Inzwischen kritisieren andere Bistümer offen die Informationspolitik der Kölner. So warf das Bistum Münster am Donnerstag dem Erzbistum Köln in einer Stellungnahme vor, falsche Informationen zu verbreiten und fordert die umgehende Veröffentlichung der Auswertung des Materials des Sondergutachtens. Die Verantwortlichen des Bistums Münster hätten der Stellungnahme zufolge unmittelbar nach dem Bekanntwerden der Vorwürfe gegen A. 2019 in den betroffenen Gemeinden Rede und Antwort gestanden, „auch hätten sie Namen der seinerzeit Verantwortlichen genannt und Schuld und Verfehlungen eingeräumt“. Gemeint ist der Münsteraner Bischof Felix Genn selbst, der von 2003 bis 2009 Ruhrbischof war. Genn habe, so die Stellungnahme, es bereits 2019 „einen verheerenden Fehler genannt, dass A. im Bistum Essen tätig werden konnte“.
Frühere Kardinäle belastet
Das Sondergutachten belastet auch die früheren Kölner Kardinäle Joseph Höffner und Joachim Meisner. Ein kirchenrechtliches Verfahren gegen den erneut straffällig gewordenen Geistlichen A. habe Höffner „pflichtwidrig unterlassen“, heißt es darin laut „katholisch.de“. Auch sein Nachfolger Meisner habe um die Taten des Pfarrers gewusst, aber „pflichtwidrig sowohl auf jegliche Sanktionierung (...) kirchlicherseits als auch auf Maßnahmen zum Schutz gefährdeter Kinder und Jugendlicher verzichtet“.

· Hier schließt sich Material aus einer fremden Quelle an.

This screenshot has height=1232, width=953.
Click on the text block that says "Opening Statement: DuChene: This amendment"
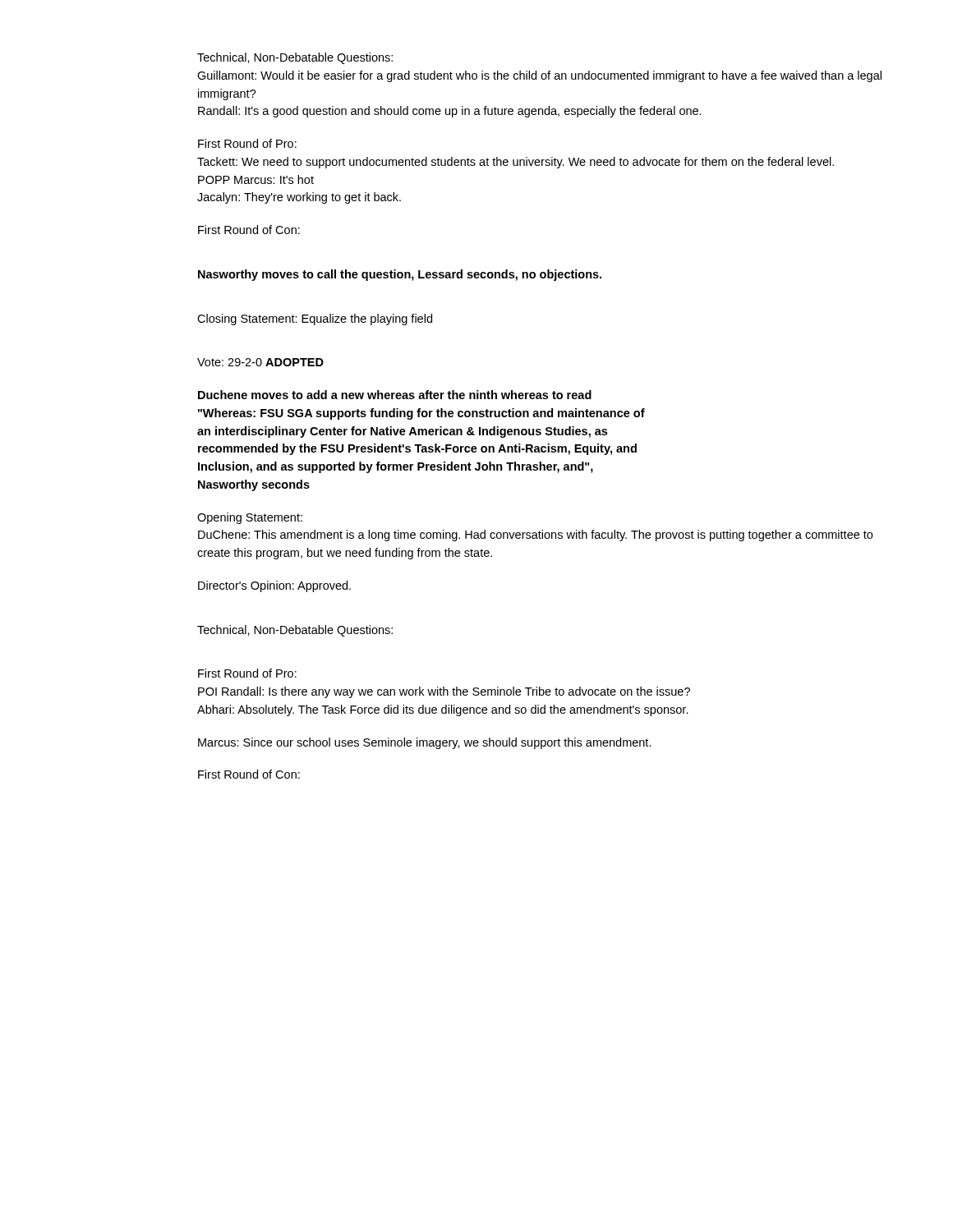pos(535,535)
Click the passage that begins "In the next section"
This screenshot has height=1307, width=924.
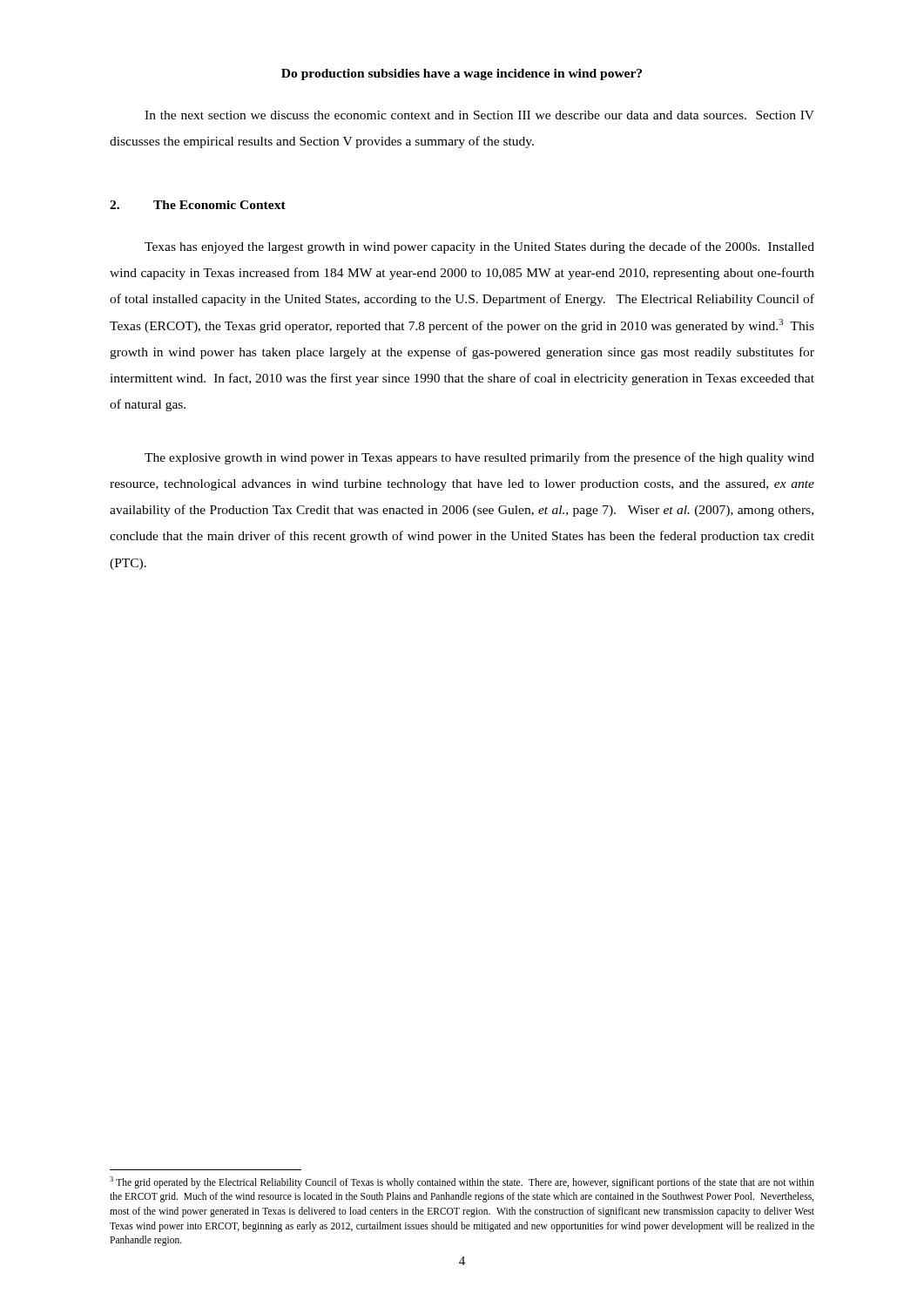(462, 128)

Während Kardinal Woelki das Gutachten von Westpfahl, Spilker, Wastl zurückhält, hat das Bistum Aachen vor wenigen Tagen das für Aachen in Auftrag gegebene Gutachten dieser Kanzlei auf der Website
https://westpfahl-spilker.de
für jedermann zum Download bereitgestellt.
Bischof Dieser fordert ein Zeichen der Reue
Darin wird dem Bistum Aachen bescheinigt, das Verhalten der Bistumsleitung sei „häufig von einer kaum noch nachvollziehbaren Zuwendung zu den Tätern geprägt“. Weiter heißt es: „Bis zum Jahr 2010 sind den Akten nahezu keinerlei Bemühungen des Bistums zu entnehmen, auf die Opfer aktiv seelsorgerisch zuzugehen.“ Frühere Verantwortliche werden namentlich benannt.

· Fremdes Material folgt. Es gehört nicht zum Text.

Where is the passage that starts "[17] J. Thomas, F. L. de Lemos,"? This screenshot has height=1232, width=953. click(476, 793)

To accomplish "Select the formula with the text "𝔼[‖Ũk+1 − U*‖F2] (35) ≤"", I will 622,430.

Aachens Bischof Helmut Dieser fordert jetzt von seinem Amtsvorgänger Heinrich Mussinghoff und dessen ehemaligem Generalvikar Manfred von Holtum ein Zeichen der Reue. Bei einer digitalen Pressekonferenz kündigte Bischof Dieser einen Perspektivwechsel an. Man dürfe sich den Tätern nicht länger enger verbunden fühlen als den Opfern. Eine unabhängige Kommission zur weiteren Aufarbeitung und ein Opferbeirat sollen gegründet werden. Zur Finanzierung sollen betroffene Bischöfe und Priester freiwillige Zahlungen machen.
Täter mehr im Blick als Opfer
ZdK-Präsident Prof. Dr. Thomas Sternberg forderte gestern mehr Transparenz in der Missbrauchsaufklärung: „Haben die Verantwortlichen wirklich verstanden, was sexueller und geistlicher Missbrauch bedeuten? Bis in die Gegenwart scheinen die Täter und die Institution mehr im Blick zu sein als die Opfer. Die Tatsache, dass die katholische Kirche als System Mitverantwortung und Schuld der Täter trägt, drängt auf Neuordnungen auf vielen Ebene und in zahlreichen Handlungsfeldern“, schrieb Sternberg auf Facebook.
„Die Verantwortlichen für Vertuschung von Missbrauch, Täterschutz und mangelnder Opferfürsorge müssen sich dem stellen, was sie getan oder unterlassen haben“, erklärt dazu auch die Gesellschaft Katholischer Publizisten (GKP) „Geduld und Vertrauen sind aufgebraucht“, mahnt die GKP. Die Öffentlichkeit habe ein Recht „auf die ganze Wahrheit“.